Un jour (ou peut-être une nuit) Delilah, une jeune chanteuse et protégée de Lucifer, est tuée sous les yeux de celui-ci. Mais Lucifer n’est pas n’importe qui : il est immortel et n’est autre que LE Lucifer, le roi de l’Enfer, le Porteur de Lumière, Samael, l’Etoile du Matin, l’ange déchu, Satan, le Diable

Las de tenir les rênes de l’Enfer, Lucifer Morningstar a en effet décidé de prendre un congé “sabbatique” sur Terre et d’ouvrir un night club -le Lux- qu’il gère du feu de Dieu à Los Angeles. Businessman accompli, Lucifer possède un réseau de relations diverses à tous les niveaux. Ainsi qu’un coffre personnel où s’entassent plusieurs kilos d’or et de billets verts. Ce beau Diable est un hédoniste capable d’atteindre l’honorable nombre de 92 amants et amantes d’un soir en 2 mois. Hommes et femmes papillonnent autour de lui, attirés irrépressiblement par son sourire en coin… Et ses yeux marqués par un discret coup d’Eyeliner et… Pardonnez-nous pour ce léger emballement. Revenons-en à nos démons. Les pires hantises de Lucifer sont d’être manipulé par Dieu et de devoir retourner en Enfer.

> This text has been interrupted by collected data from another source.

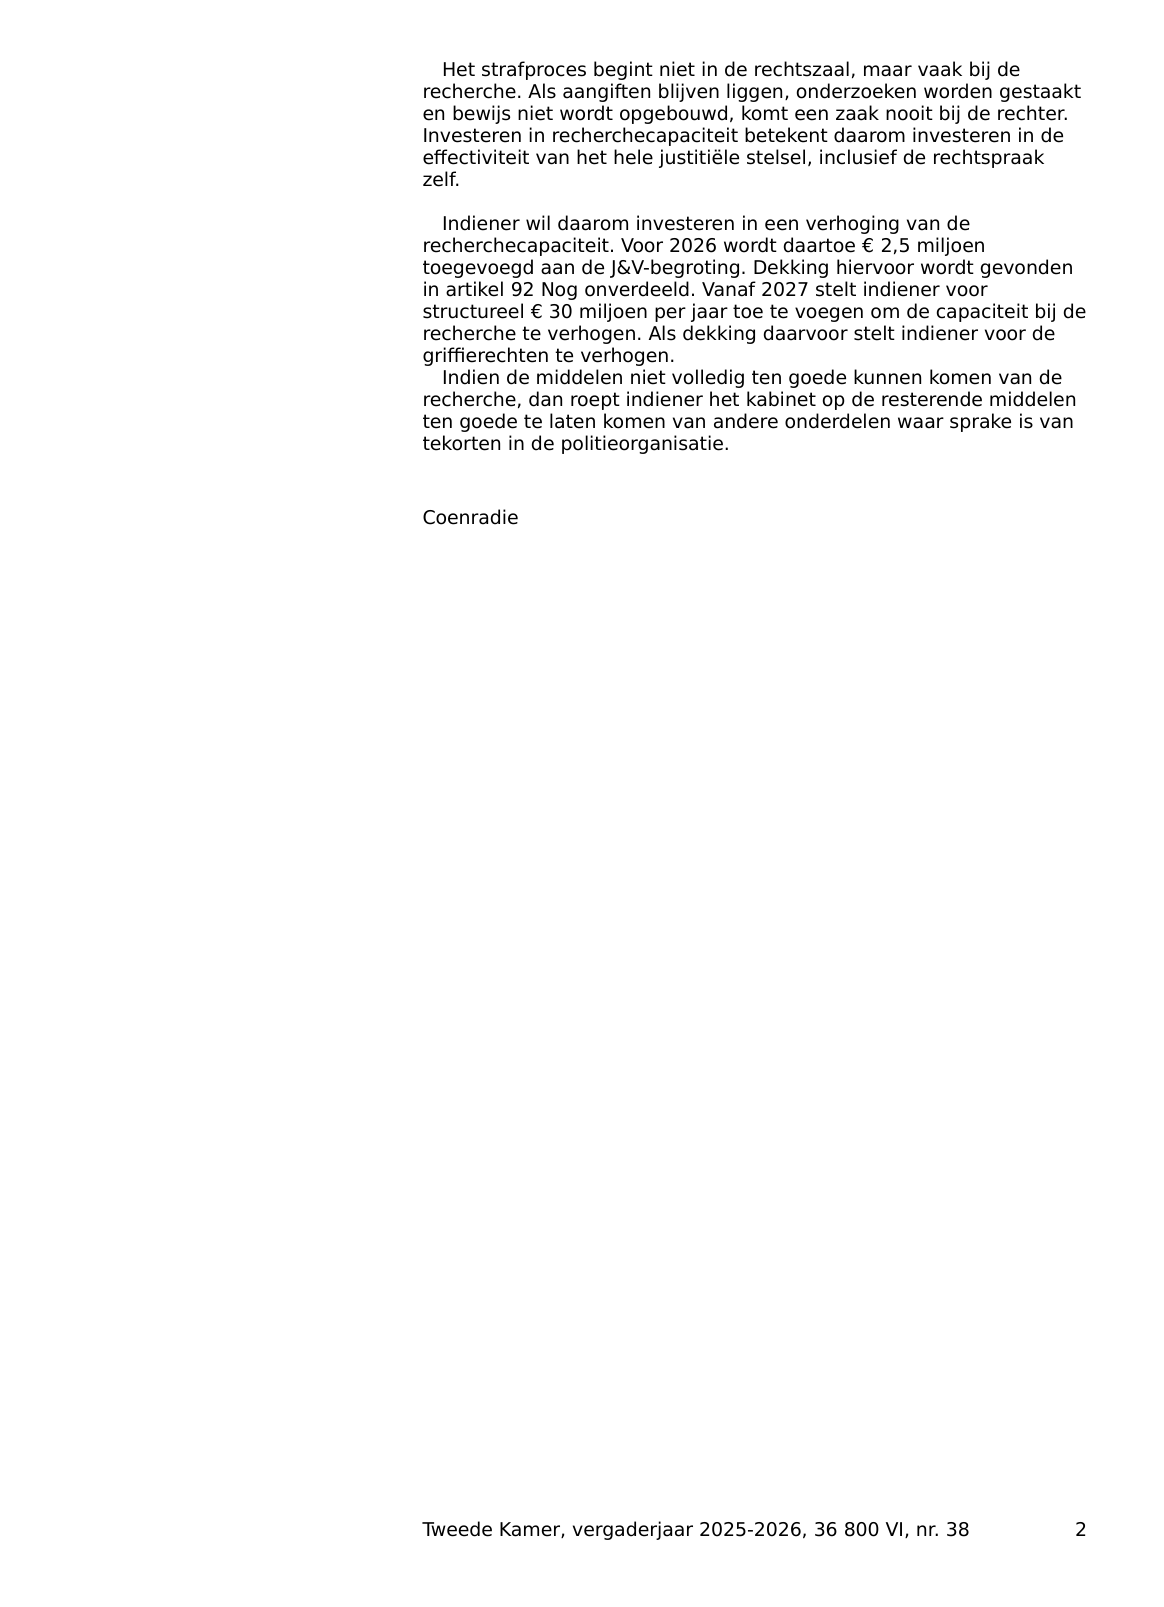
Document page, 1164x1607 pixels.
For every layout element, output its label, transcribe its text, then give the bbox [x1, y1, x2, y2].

text Indien de middelen niet volledig ten goede kunnen komen van de recherche, dan roept indiener het kabinet op de resterende middelen ten goede te laten komen van andere onderdelen waar sprake is van tekorten in de politieorganisatie. [422, 367, 1087, 455]
text Indiener wil daarom investeren in een verhoging van de recherchecapaciteit. Voor 2026 wordt daartoe € 2,5 miljoen toegevoegd aan de J&V-begroting. Dekking hiervoor wordt gevonden in artikel 92 Nog onverdeeld. Vanaf 2027 stelt indiener voor structureel € 30 miljoen per jaar toe te voegen om de capaciteit bij de recherche te verhogen. Als dekking daarvoor stelt indiener voor de griffierechten te verhogen. [422, 213, 1087, 367]
text Coenradie [422, 485, 1087, 529]
text Het strafproces begint niet in de rechtszaal, maar vaak bij de recherche. Als aangiften blijven liggen, onderzoeken worden gestaakt en bewijs niet wordt opgebouwd, komt een zaak nooit bij de rechter. Investeren in recherchecapaciteit betekent daarom investeren in de effectiviteit van het hele justitiële stelsel, inclusief de rechtspraak zelf. [422, 59, 1087, 191]
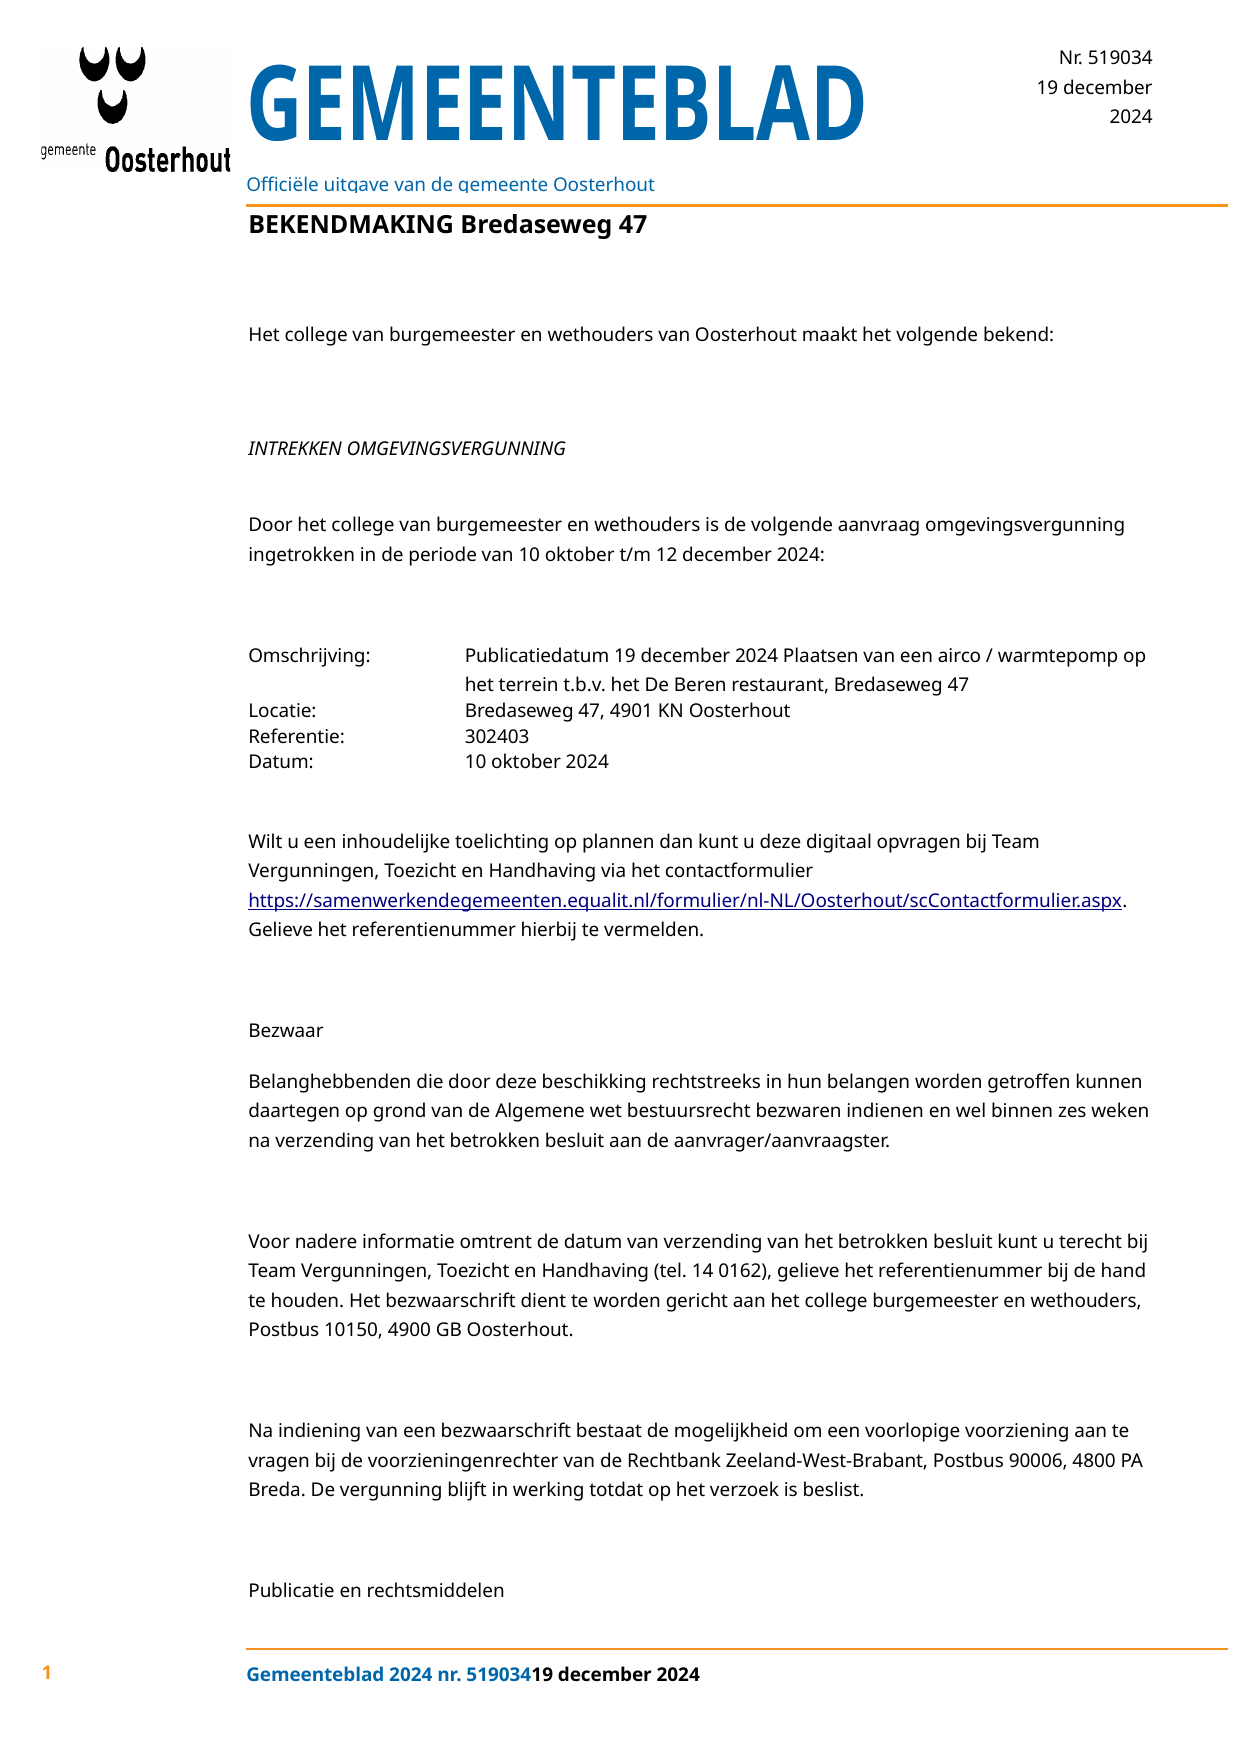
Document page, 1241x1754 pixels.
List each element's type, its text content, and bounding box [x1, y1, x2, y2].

text INTREKKEN OMGEVINGSVERGUNNING [248, 435, 1152, 461]
text Wilt u een inhoudelijke toelichting op plannen dan kunt u deze digitaal opvragen bij Team Vergunningen, Toezicht en Handhaving via het contactformulier https://samenwerkendegemeenten.equalit.nl/formulier/nl-NL/Oosterhout/scContactformulier.aspx. Gelieve het referentienummer hierbij te vermelden. [248, 828, 1152, 942]
table_header Publicatiedatum 19 december 2024 Plaatsen van een airco / warmtepomp op het terrein t.b.v. het De Beren restaurant, Bredaseweg 47 [465, 642, 1152, 697]
table_cell 302403 [465, 723, 1152, 748]
text Belanghebbenden die door deze beschikking rechtstreeks in hun belangen worden getroffen kunnen daartegen op grond van de Algemene wet bestuursrecht bezwaren indienen en wel binnen zes weken na verzending van het betrokken besluit aan de aanvrager/aanvraagster. [248, 1068, 1152, 1153]
text Na indiening van een bezwaarschrift bestaat de mogelijkheid om een voorlopige voorziening aan te vragen bij de voorzieningenrechter van de Rechtbank Zeeland-West-Brabant, Postbus 90006, 4800 PA Breda. De vergunning blijft in werking totdat op het verzoek is beslist. [248, 1417, 1152, 1502]
text Het college van burgemeester en wethouders van Oosterhout maakt het volgende bekend: [248, 321, 1152, 346]
table_cell Referentie: [248, 723, 464, 748]
table_cell 10 oktober 2024 [465, 749, 1152, 774]
text Bezwaar [248, 1017, 1152, 1043]
picture [41, 47, 231, 172]
text Publicatie en rechtsmiddelen [248, 1577, 1152, 1603]
table_cell Locatie: [248, 697, 464, 723]
text BEKENDMAKING Bredaseweg 47 [248, 207, 1152, 241]
text Door het college van burgemeester en wethouders is de volgende aanvraag omgevingsvergunning ingetrokken in de periode van 10 oktober t/m 12 december 2024: [248, 511, 1152, 567]
text Voor nadere informatie omtrent de datum van verzending van het betrokken besluit kunt u terecht bij Team Vergunningen, Toezicht en Handhaving (tel. 14 0162), gelieve het referentienummer bij de hand te houden. Het bezwaarschrift dient te worden gericht aan het college burgemeester en wethouders, Postbus 10150, 4900 GB Oosterhout. [248, 1228, 1152, 1342]
table_cell Bredaseweg 47, 4901 KN Oosterhout [465, 697, 1152, 723]
table_header Omschrijving: [248, 642, 464, 697]
table_cell Datum: [248, 749, 464, 774]
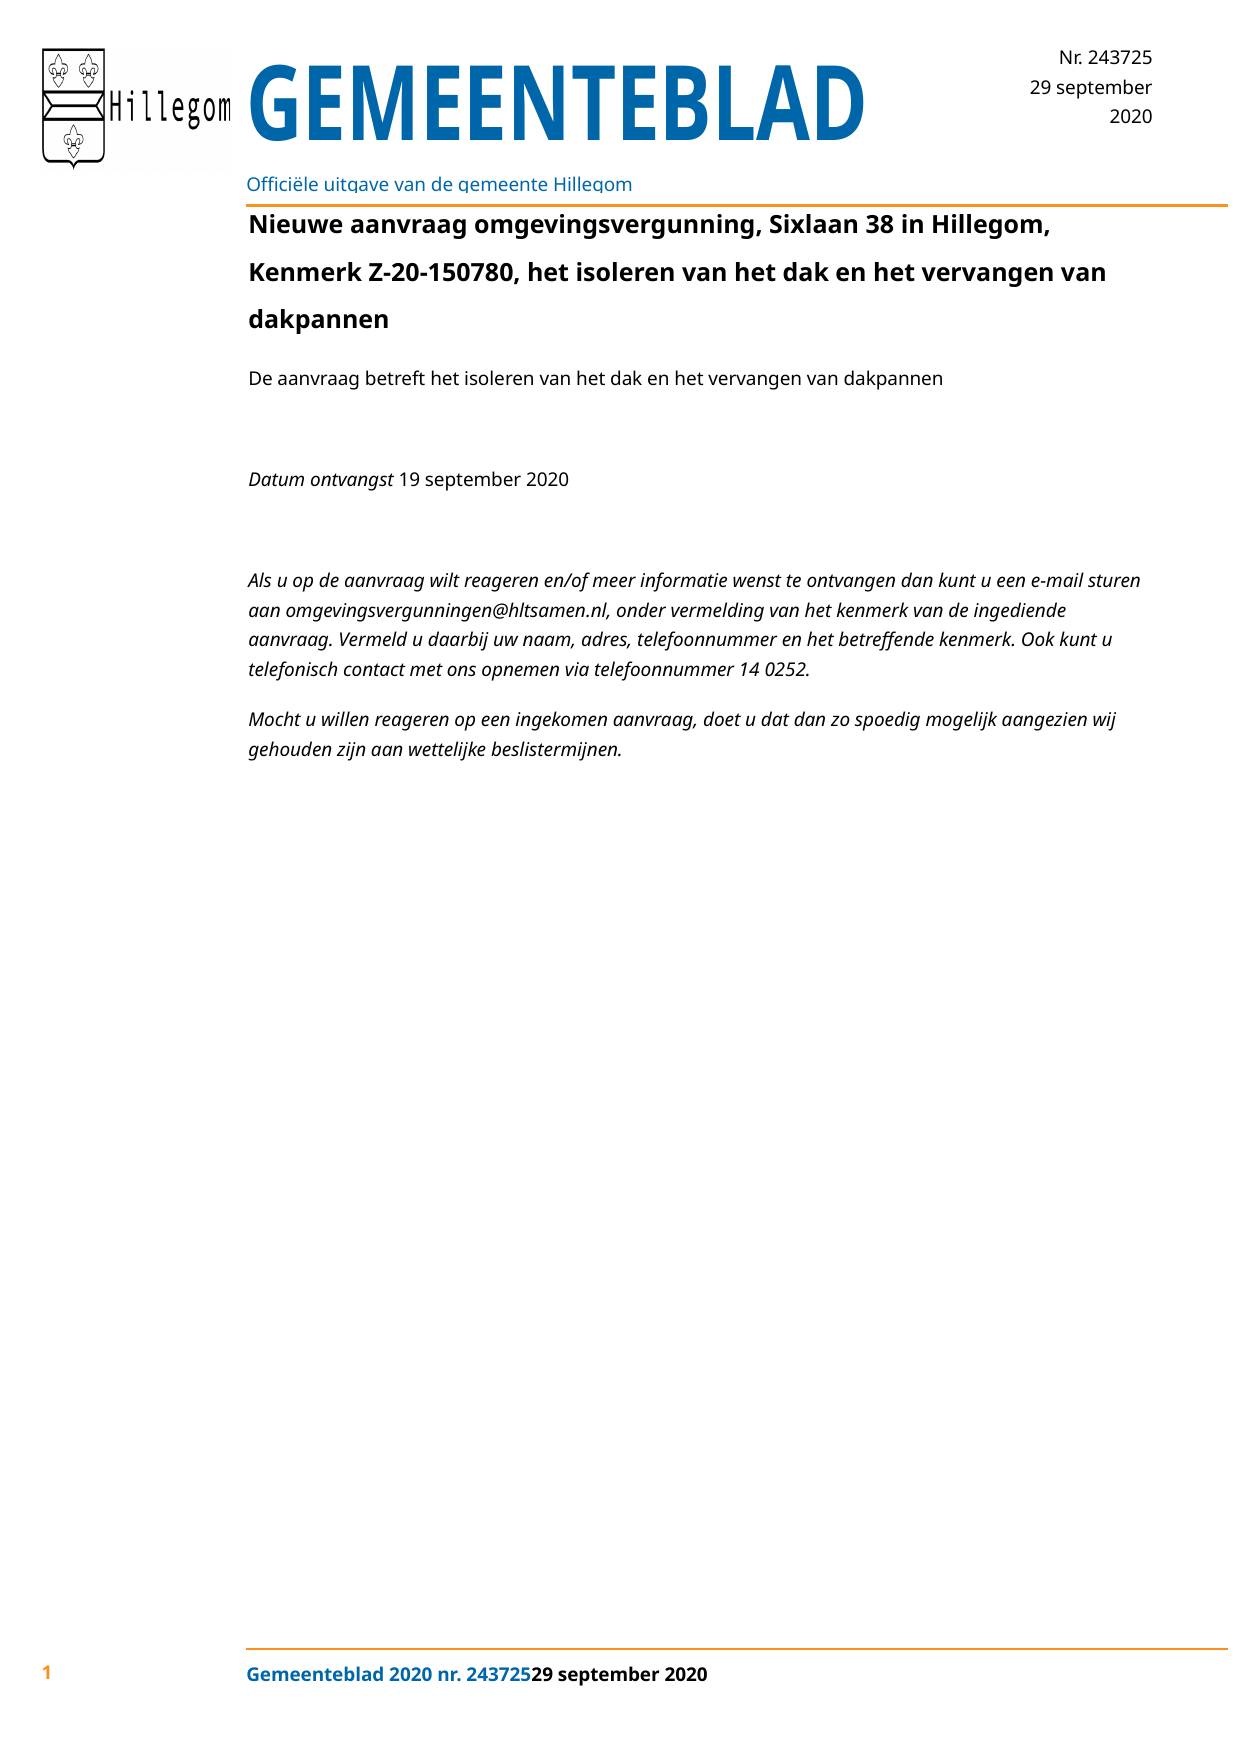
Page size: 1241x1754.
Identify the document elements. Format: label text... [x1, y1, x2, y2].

text De aanvraag betreft het isoleren van het dak en het vervangen van dakpannen [248, 366, 1152, 391]
text Nieuwe aanvraag omgevingsvergunning, Sixlaan 38 in Hillegom, Kenmerk Z-20-150780, het isoleren van het dak en het vervangen van dakpannen [248, 207, 1152, 336]
text Mocht u willen reageren op een ingekomen aanvraag, doet u dat dan zo spoedig mogelijk aangezien wij gehouden zijn aan wettelijke beslistermijnen. [248, 706, 1152, 762]
picture [41, 47, 231, 172]
text Datum ontvangst 19 september 2020 [248, 466, 1152, 492]
text Als u op de aanvraag wilt reageren en/of meer informatie wenst te ontvangen dan kunt u een e-mail sturen aan omgevingsvergunningen@hltsamen.nl, onder vermelding van het kenmerk van de ingediende aanvraag. Vermeld u daarbij uw naam, adres, telefoonnummer en het betreffende kenmerk. Ook kunt u telefonisch contact met ons opnemen via telefoonnummer 14 0252. [248, 567, 1152, 682]

Dès les premières minutes de l’histoire, Lucifer rencontre Chloé Deker, lieutenant de police chargée de l’enquête. Désireux de venger Delilah, Lucifer tente de séduire l’officier… mais se prend un vent monstrueux. Le premier de sa vie. Capable de faire exprimer tout haut le désir des personnes qu’il hypnotise, il essaie sur elle… et se prend un second vent. Bien décidé à percer le “mystère Chloe”, il parvient à se faire embaucher comme consultant auprès de la police de Los Angeles. Ainsi compte-t-il briser son ennui en s’amusant à résoudre des meurtres grâce à ses capacités.

Notre avis pas du tout objectif sur Lucifer 

Lucifer, la comédie policière démente 

Lucifer célèbre l’humour noir, les blagues borderlines, et son ironie est légendaire. Cette série revisite aussi bien la Bible que la mythologie, en réécrivant et renversant de nombreuses situations. A travers ces thèmes, ce sont de tous les autres que Lucifer traite avec beaucoup de justesse et de profondeur, comme la dépression, la culpabilité, les troubles affectifs et émotionnels dans les familles dysfonctionnelles…La psychologie est au cœur de cette intrigue et prend quelques fois le pas sur les enquêtes policières, mais l’ensemble reste plutôt équilibré. Les scènes alternent entre la résolution des enquêtes, et les entretiens entre Lucifer et la psychiatre de ce dernier : le Dr Linda Martin. 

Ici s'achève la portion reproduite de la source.